17. Concurrently with entering into the Ground Lease, DevelopmentCo and ManageCo entered into the Development Agreement for the construction of the Development. Construction of the Development has now been completed and the conditions of the Development Agreement have been substantially met. The costs of the Development have been added by the Family to Class 1 for purposes of claiming capital cost allowance.
18. In order to finance the construction of the Development, Canco mortgaged its leasehold interest in the Land to the Creditor. The initial amount of the mortgage was approximately $XXXXXXXXXX. Following a number of refinancings, the balance outstanding is approximately $XXXXXXXXXX.
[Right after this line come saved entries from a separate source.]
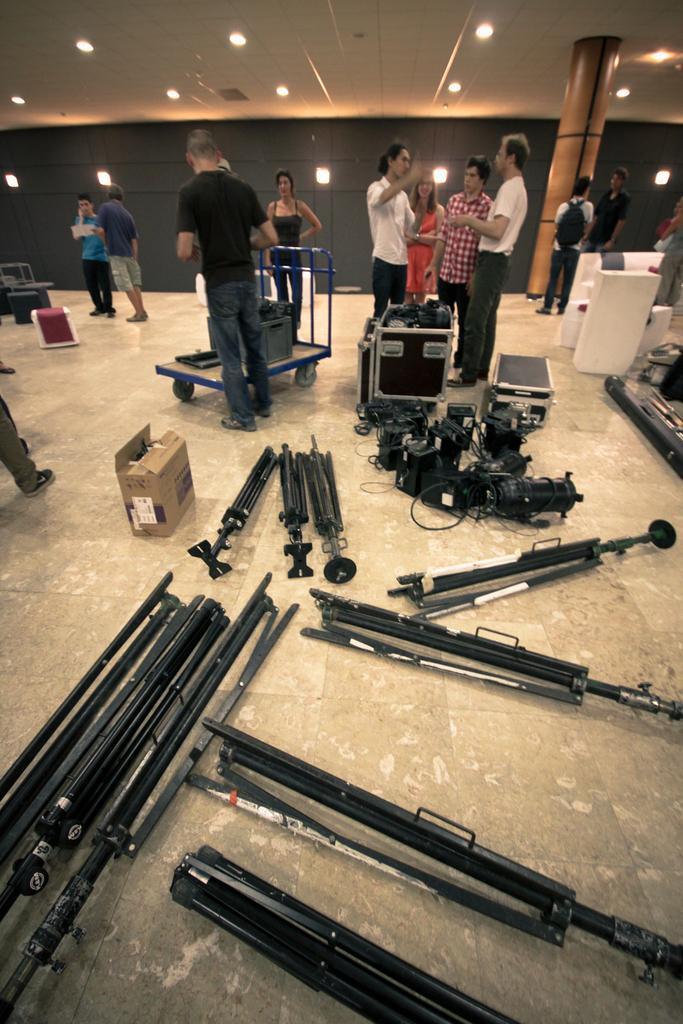Could you give a brief overview of what you see in this image? In this image we can see people are standing on the floor. On the floor, we can see so many different metal objects, a cart and cartoon box. In the background, we can see a wall with lights. At the top of the image, we can see a roof with lights. There is a pillar in the right top of the image. 
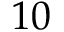<formula> <loc_0><loc_0><loc_500><loc_500>1 0</formula> 
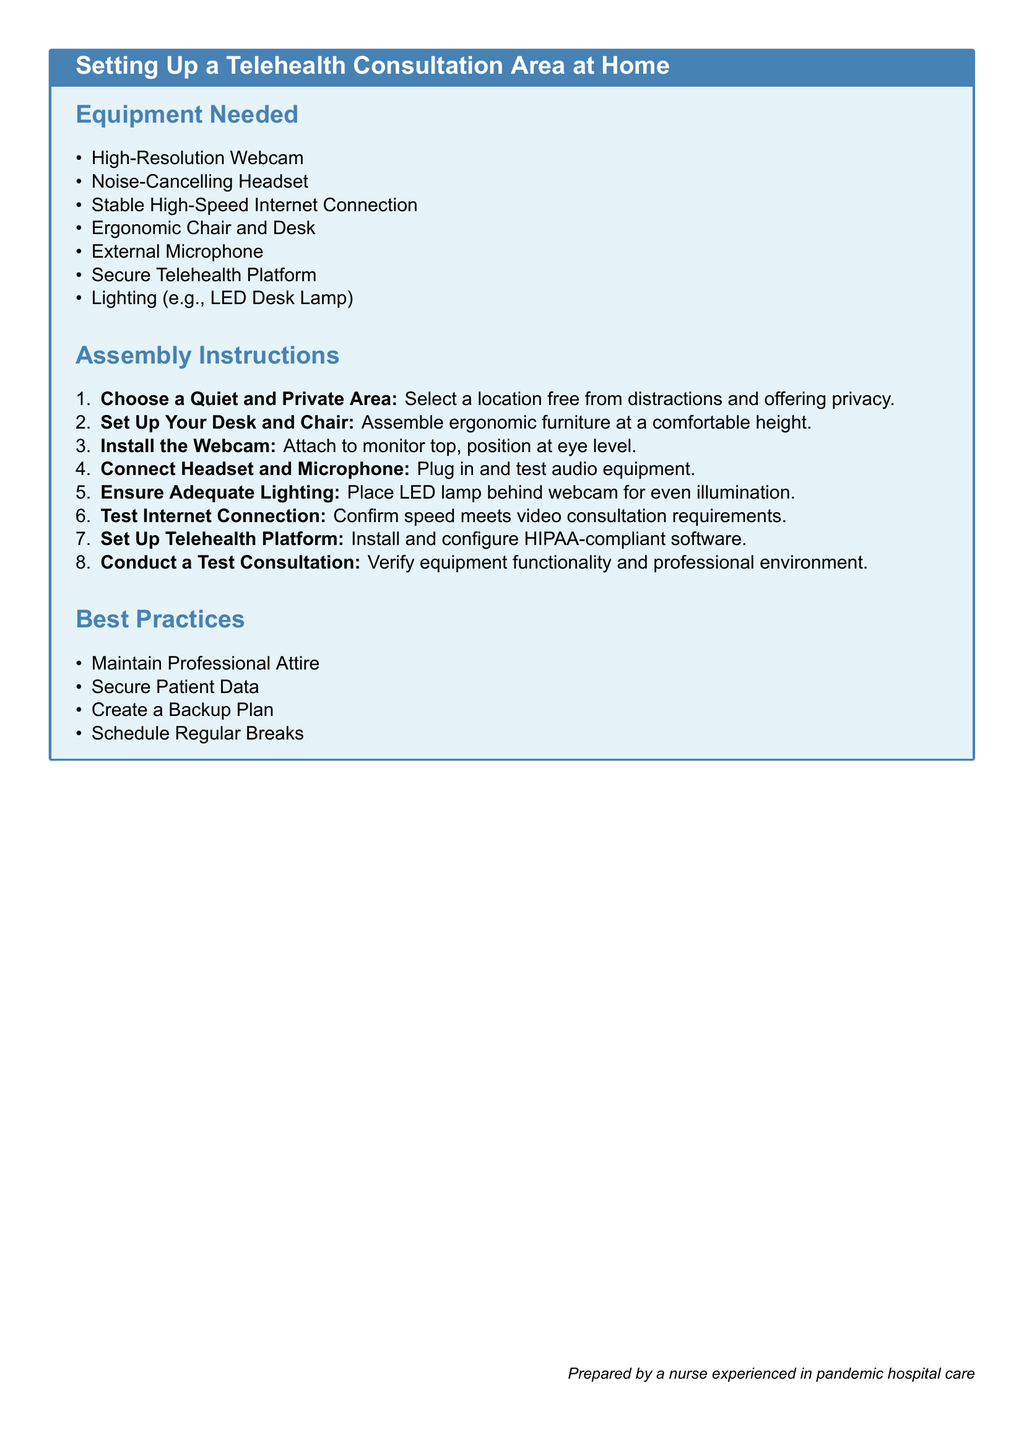what equipment is needed for telehealth consultations? The equipment needed is listed under the "Equipment Needed" section, which includes a High-Resolution Webcam, Noise-Cancelling Headset, and others.
Answer: High-Resolution Webcam, Noise-Cancelling Headset, Stable High-Speed Internet Connection, Ergonomic Chair and Desk, External Microphone, Secure Telehealth Platform, Lighting what is the first step in the assembly instructions? The first step in the assembly instructions is detailed in the "Assembly Instructions" section, where it lists the steps to set up the area.
Answer: Choose a Quiet and Private Area how many types of questions are included in the document? The document has three types of content: Equipment Needed, Assembly Instructions, and Best Practices.
Answer: Three what is the purpose of using a noise-cancelling headset? The purpose of using a noise-cancelling headset relates to the requirements for optimal virtual communication during consultations.
Answer: For audio clarity what should you do after setting up the equipment? The final instruction involves testing the overall setup to ensure everything is working well for consultations.
Answer: Conduct a Test Consultation

19. On XXXXXXXXXX DevelopmentCo, ManageCo and Canco entered into an agreement to reduce the amount required to be paid to fully prepay the Ground Lease Base Rent pursuant to the terms of the Ground Lease from $XXXXXXXXXX to $XXXXXXXXXX. The Ground Lease Base Rent was prepaid in accordance with the agreement and thereafter Canco has not paid and is not required to pay Ground Lease Base Rent to DevelopmentCo.
20. On XXXXXXXXXX DevelopmentCo and Canco entered into an agreement that, in lieu of the continued periodic payment of Ground Lease Participation Rent pursuant to the terms of the Ground Lease, Canco would be entitled to make a lump sum prepayment of $XXXXXXXXXX to DevelopmentCo. Canco paid $XXXXXXXXXX to DevelopmentCo during XXXXXXXXXX as a prepayment of Ground Lease Participation Rent and thereafter has not paid and is not required to pay Ground Lease Participation Rent to DevelopmentCo under the Ground Lease.
(c) Other Relevant Facts
21. Prior to implementation of the Proposed Transactions, PublicCo entered into a Plan of Arrangement with the Trust pursuant to which, among other things, the common shareholders of PublicCo exchanged their shares of PublicCo on a "one for one" basis for units of the Trust.
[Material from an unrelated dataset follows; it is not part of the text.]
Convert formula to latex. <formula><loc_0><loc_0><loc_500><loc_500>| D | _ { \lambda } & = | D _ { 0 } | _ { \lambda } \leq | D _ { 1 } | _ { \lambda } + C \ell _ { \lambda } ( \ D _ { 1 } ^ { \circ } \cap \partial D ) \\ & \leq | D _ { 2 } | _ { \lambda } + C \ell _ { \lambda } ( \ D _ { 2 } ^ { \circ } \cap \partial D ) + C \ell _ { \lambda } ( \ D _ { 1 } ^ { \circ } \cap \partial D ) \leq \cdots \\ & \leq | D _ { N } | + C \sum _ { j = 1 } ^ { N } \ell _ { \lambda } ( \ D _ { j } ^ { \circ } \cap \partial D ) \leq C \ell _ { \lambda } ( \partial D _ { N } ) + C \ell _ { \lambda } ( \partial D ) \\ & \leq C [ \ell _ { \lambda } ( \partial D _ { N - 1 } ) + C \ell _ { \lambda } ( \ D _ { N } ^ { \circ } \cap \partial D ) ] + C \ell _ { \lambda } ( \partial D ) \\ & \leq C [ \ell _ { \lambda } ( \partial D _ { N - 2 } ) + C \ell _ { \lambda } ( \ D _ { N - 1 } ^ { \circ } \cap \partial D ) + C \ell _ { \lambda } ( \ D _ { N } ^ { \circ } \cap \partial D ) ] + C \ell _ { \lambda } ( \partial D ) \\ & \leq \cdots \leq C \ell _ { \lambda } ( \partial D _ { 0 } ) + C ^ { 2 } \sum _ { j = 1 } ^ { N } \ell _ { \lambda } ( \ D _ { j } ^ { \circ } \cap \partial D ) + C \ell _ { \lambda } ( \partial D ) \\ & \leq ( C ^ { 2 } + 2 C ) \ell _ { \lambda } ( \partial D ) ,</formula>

22. Prior to implementation of the Proposed Transactions, the Trust also completed a public offering of XXXXXXXXXX trust units for aggregate gross proceeds of $XXXXXXXXXX. The Trust intends to use the offering proceeds to fund additional acquisitions of property. The only units of the Trust that will be issued and outstanding immediately prior to the Proposed Transactions will be the units issued in exchange for shares of PublicCo pursuant to the Plan of Arrangement and the units that were issued and sold pursuant to the public offering.
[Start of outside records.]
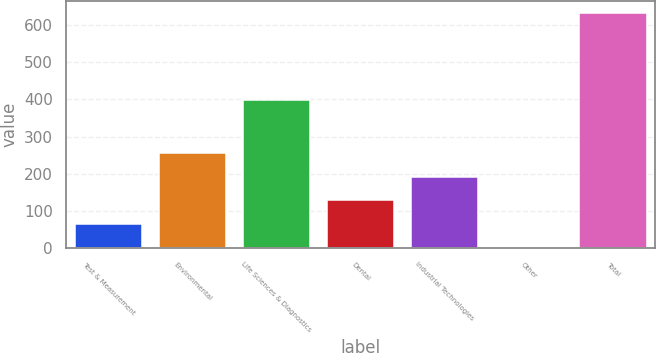Convert chart. <chart><loc_0><loc_0><loc_500><loc_500><bar_chart><fcel>Test & Measurement<fcel>Environmental<fcel>Life Sciences & Diagnostics<fcel>Dental<fcel>Industrial Technologies<fcel>Other<fcel>Total<nl><fcel>65.19<fcel>254.46<fcel>399.4<fcel>128.28<fcel>191.37<fcel>2.1<fcel>633<nl></chart> 
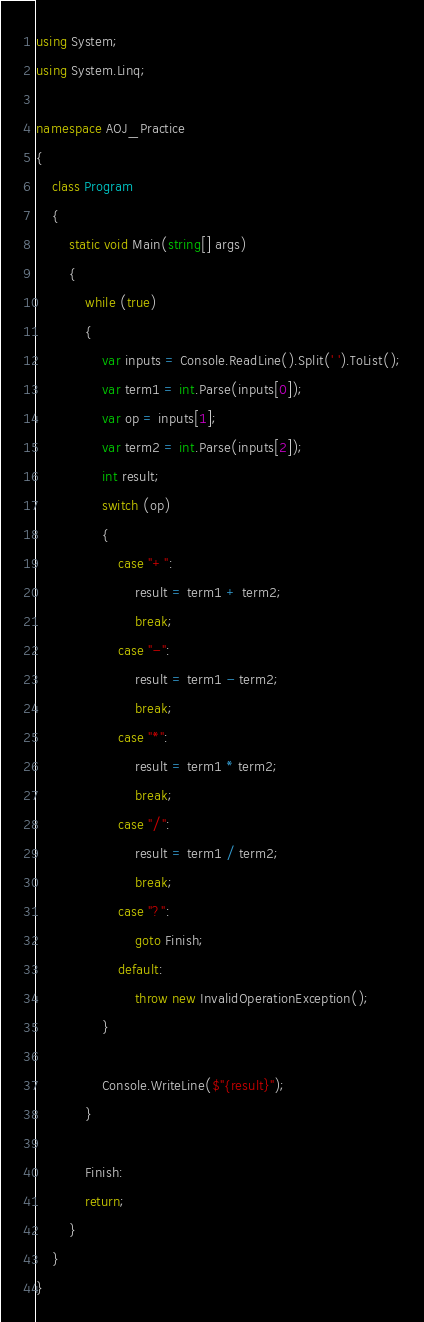<code> <loc_0><loc_0><loc_500><loc_500><_C#_>using System;
using System.Linq;

namespace AOJ_Practice
{
    class Program
    {
        static void Main(string[] args)
        {
            while (true)
            {
                var inputs = Console.ReadLine().Split(' ').ToList();
                var term1 = int.Parse(inputs[0]);
                var op = inputs[1];
                var term2 = int.Parse(inputs[2]);
                int result;
                switch (op)
                {
                    case "+":
                        result = term1 + term2;
                        break;
                    case "-":
                        result = term1 - term2;
                        break;
                    case "*":
                        result = term1 * term2;
                        break;
                    case "/":
                        result = term1 / term2;
                        break;
                    case "?":
                        goto Finish;
                    default:
                        throw new InvalidOperationException();
                }

                Console.WriteLine($"{result}");
            }

            Finish:
            return;
        }
    }
}

</code> 
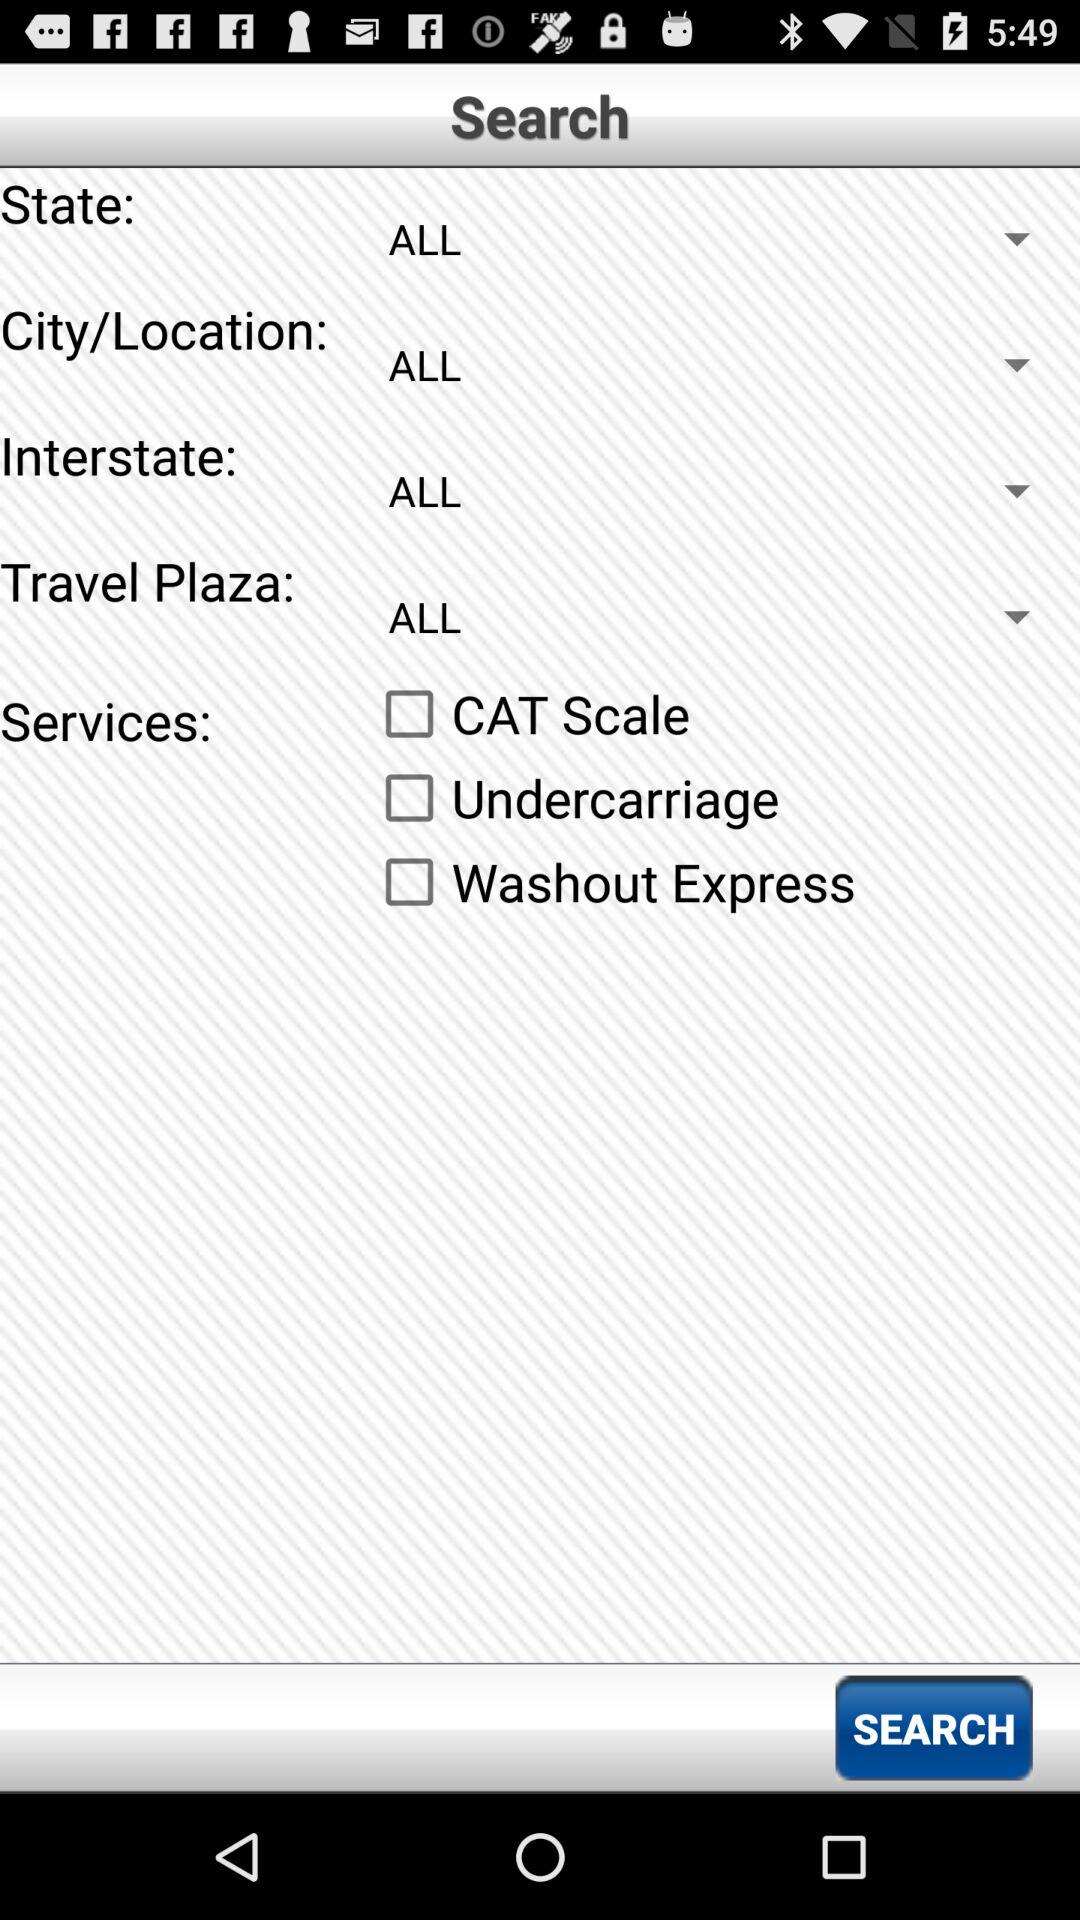What are the available service options? The available service options are "CAT Scale", "Undercarriage" and "Washout Express".

23. The Plan of Arrangement was conditional on the prior completion of the public offering but was not conditional on the completion of the Proposed Transactions.
PROPOSED TRANSACTIONS
24. Canco will enter into the Headsublease with the Trust with respect to the Land and the Development. The general terms of the Headsublease can be summarized as follows:
(a) The term of the Headsublease will be the Headsublease Term, which ends one year before the Ground Lease Term.
(b) The City Land Titles Office will be requested to issue a subleasehold title to the Trust as evidence of its subleasehold interest in the Land and the Development.
(c) The Trust will not have any right or entitlement under the terms of the Headsublease to acquire the leasehold interest in the Land or the Development from Canco either during the Headsublease Term or after the expiry of the Headsublease Term.
(d) The terms of the Headsublease will provide that the Trust, upon paying rent and other charges, shall have the quiet enjoyment of the demised premises during Headsublease Term.
(e) The terms of the Headsublease will provide that the Trust is required to pay the Headsublease Base Rent and the Headsublease Common Area Costs Payment to Canco each year during the Headsublease Term. Such rental rates will be calculated by way of an appropriate capitalization rate of the fair market value of the Headsublease leasehold interest. The parties may agree on an additional payment of rent in the form of Headsublease participation rent.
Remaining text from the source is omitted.